“Now, Burke, you need just such a gal fer your wife, and now’s your time to get her. Yes, I’ll carry the gal with me, and after I have given King up to the military, I’ll divide the blood money with those fellows, and then give them the slip and take the buried treasure myself; guess I won’t divide that nor the gal, either.

“No, Tom Burke, your fortune’s made now, with money and a wife, and I guess you better light out for Texas and start a ranch, for this country won’t be very healthy for you, I’m a-thinking.”

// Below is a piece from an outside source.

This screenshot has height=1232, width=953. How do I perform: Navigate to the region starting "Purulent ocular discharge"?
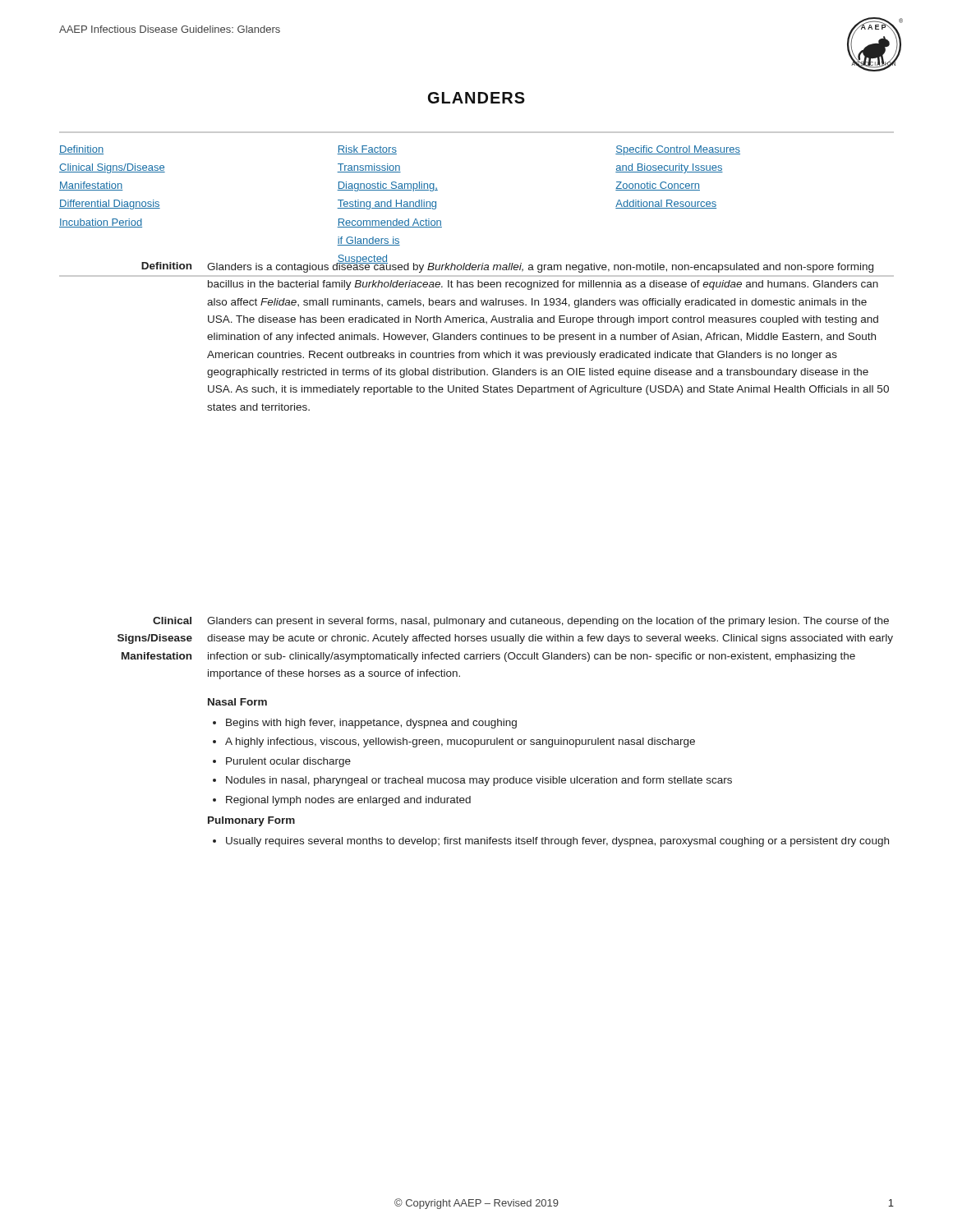coord(288,761)

So saying, Bad Burke, the traitor outlaw, descended to the bottom of the gorge, and, as the reader has seen, confronted Pearl. How his treacherous plans toward the maiden and his chief were frustrated, the reader has also seen, and that his crimes were rewarded by a death he had seemed little to anticipate.


CHAPTER XXXII.
THE SPECTER OF THE VALLEY.

Buffalo Bill was not the only man who had been in concealment near the spot where Bad Burke met his death. Scarcely was he gone from the place, when Red Hand rose into view. He stared after the retreating form of the scout, and muttered:

“I shall go through that valley, too. If there is anything to be seen there I want to see it.”

But he shuddered as he spoke, and his face seemed drawn with pain. So it came about that Red Hand followed Buffalo Bill. But the scout had moved so rapidly that not once did Red Hand come in sight of him. And in a little while, so painful were the thoughts of the latter, that Red Hand almost forgot that the scout was somewhere ahead of him.

Thus Red Hand set forth upon his trip, wending his way in the direction of the Ramsey settlement, going toward the point which Pearl had urged Buffalo Bill to avoid on account of the weird stories among the Indians that a spirit haunted the valley.